**Prompt:** Counting task for the data below: how many lines hold the word "degrees"? Answer with the number only.

Source data
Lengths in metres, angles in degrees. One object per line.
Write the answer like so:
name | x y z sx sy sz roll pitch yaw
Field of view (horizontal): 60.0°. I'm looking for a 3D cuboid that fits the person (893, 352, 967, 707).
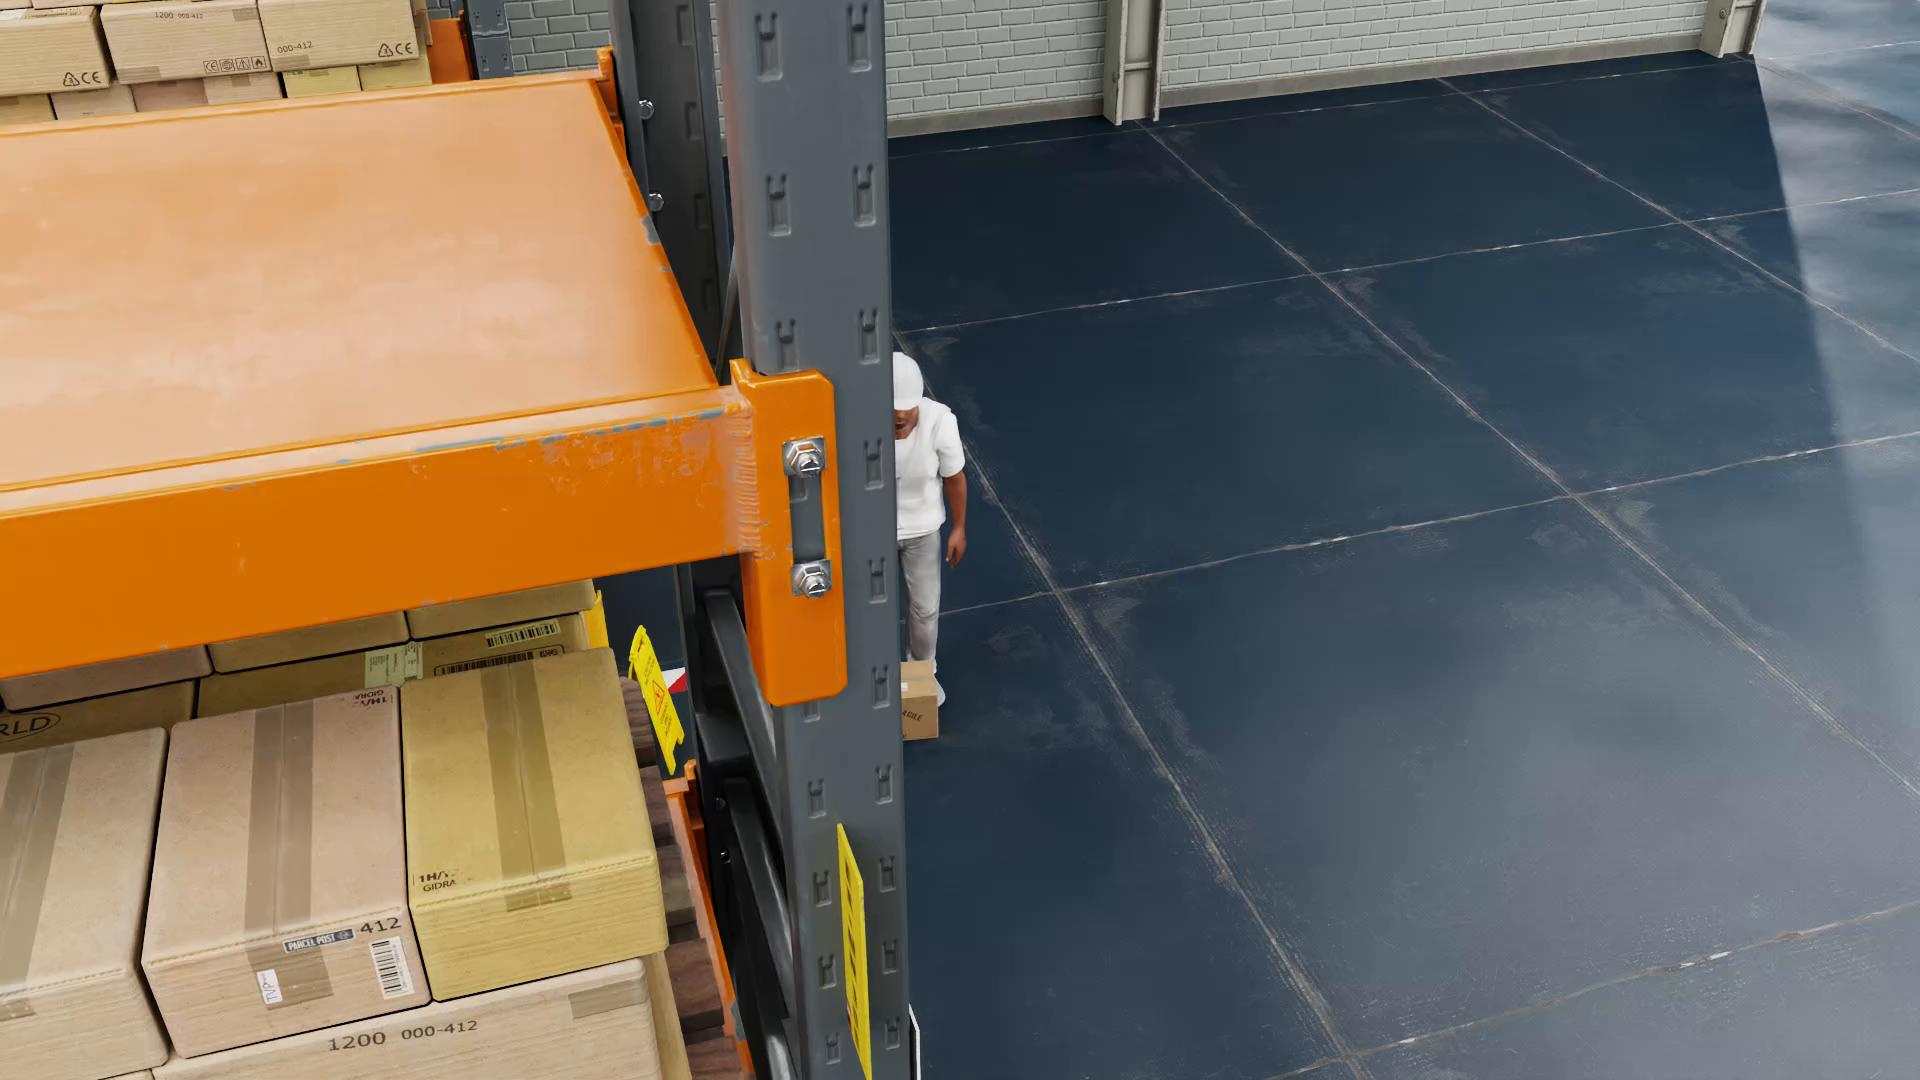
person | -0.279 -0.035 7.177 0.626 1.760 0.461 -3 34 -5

...

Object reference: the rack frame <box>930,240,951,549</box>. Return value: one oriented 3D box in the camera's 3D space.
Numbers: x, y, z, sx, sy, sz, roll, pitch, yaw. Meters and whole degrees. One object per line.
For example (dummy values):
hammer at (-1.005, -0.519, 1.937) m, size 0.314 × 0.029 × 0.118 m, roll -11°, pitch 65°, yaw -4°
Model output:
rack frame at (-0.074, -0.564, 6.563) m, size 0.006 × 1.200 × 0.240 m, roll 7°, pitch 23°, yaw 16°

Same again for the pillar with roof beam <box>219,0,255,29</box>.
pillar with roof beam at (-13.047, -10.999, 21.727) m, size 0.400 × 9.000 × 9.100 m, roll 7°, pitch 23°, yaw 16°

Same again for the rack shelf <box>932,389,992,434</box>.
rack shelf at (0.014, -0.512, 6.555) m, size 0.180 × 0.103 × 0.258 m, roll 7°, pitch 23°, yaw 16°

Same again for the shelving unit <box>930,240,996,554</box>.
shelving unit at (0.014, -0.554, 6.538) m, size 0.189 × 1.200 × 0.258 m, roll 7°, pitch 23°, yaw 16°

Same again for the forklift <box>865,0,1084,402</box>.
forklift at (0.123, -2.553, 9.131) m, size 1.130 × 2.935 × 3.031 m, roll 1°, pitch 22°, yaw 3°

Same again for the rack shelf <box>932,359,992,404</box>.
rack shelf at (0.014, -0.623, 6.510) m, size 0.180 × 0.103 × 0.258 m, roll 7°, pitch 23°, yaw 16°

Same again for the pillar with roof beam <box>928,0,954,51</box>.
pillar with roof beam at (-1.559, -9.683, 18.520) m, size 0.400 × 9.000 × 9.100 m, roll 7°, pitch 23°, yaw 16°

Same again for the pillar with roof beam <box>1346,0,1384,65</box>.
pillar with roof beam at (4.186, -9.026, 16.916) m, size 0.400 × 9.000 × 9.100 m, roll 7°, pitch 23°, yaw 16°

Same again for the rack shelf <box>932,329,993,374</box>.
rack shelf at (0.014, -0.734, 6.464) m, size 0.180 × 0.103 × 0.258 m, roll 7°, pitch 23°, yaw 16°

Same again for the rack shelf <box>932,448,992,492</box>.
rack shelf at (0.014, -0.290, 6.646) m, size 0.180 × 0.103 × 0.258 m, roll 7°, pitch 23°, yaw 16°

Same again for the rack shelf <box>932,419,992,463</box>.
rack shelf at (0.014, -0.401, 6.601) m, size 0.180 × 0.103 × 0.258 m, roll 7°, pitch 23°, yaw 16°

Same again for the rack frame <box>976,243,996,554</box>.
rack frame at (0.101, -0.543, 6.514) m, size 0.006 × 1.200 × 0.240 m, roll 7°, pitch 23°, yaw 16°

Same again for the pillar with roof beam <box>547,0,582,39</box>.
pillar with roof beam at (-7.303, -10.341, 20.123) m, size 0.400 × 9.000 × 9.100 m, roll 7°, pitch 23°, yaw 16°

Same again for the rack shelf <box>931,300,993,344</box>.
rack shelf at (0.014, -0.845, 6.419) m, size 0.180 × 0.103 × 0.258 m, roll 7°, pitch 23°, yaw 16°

**Exercise output:** 2